(Stored entries)
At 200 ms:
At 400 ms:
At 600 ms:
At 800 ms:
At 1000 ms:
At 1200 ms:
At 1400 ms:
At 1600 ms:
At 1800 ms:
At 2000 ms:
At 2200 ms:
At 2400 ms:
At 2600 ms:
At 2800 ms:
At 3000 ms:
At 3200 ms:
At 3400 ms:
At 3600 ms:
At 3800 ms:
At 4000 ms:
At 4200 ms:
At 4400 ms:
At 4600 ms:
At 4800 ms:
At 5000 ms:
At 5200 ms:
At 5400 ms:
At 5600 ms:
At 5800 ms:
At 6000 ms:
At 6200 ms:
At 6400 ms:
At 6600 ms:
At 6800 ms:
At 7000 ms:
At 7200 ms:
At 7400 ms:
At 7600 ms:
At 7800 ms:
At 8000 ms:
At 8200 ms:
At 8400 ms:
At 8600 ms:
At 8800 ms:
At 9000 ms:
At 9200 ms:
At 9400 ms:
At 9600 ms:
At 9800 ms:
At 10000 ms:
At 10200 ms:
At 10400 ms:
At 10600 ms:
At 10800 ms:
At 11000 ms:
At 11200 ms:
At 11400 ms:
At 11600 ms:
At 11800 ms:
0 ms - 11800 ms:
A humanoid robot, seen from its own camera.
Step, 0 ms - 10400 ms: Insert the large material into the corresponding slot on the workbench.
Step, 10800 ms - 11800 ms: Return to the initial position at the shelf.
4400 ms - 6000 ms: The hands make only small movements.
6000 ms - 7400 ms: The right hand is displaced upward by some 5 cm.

YOUR TASK
All of the data shown above must be copied exactly.

RESULT OF THIS EXERCISE
At 200 ms:
At 400 ms:
At 600 ms:
At 800 ms:
At 1000 ms:
At 1200 ms:
At 1400 ms:
At 1600 ms:
At 1800 ms:
At 2000 ms:
At 2200 ms:
At 2400 ms:
At 2600 ms:
At 2800 ms:
At 3000 ms:
At 3200 ms:
At 3400 ms:
At 3600 ms:
At 3800 ms:
At 4000 ms:
At 4200 ms:
At 4400 ms:
At 4600 ms:
At 4800 ms:
At 5000 ms:
At 5200 ms:
At 5400 ms:
At 5600 ms:
At 5800 ms:
At 6000 ms:
At 6200 ms:
At 6400 ms:
At 6600 ms:
At 6800 ms:
At 7000 ms:
At 7200 ms:
At 7400 ms:
At 7600 ms:
At 7800 ms:
At 8000 ms:
At 8200 ms:
At 8400 ms:
At 8600 ms:
At 8800 ms:
At 9000 ms:
At 9200 ms:
At 9400 ms:
At 9600 ms:
At 9800 ms:
At 10000 ms:
At 10200 ms:
At 10400 ms:
At 10600 ms:
At 10800 ms:
At 11000 ms:
At 11200 ms:
At 11400 ms:
At 11600 ms:
At 11800 ms:
0 ms - 11800 ms:
A humanoid robot, seen from its own camera.
Step, 0 ms - 10400 ms: Insert the large material into the corresponding slot on the workbench.
Step, 10800 ms - 11800 ms: Return to the initial position at the shelf.
4400 ms - 6000 ms: The hands make only small movements.
6000 ms - 7400 ms: The right hand is displaced upward by some 5 cm.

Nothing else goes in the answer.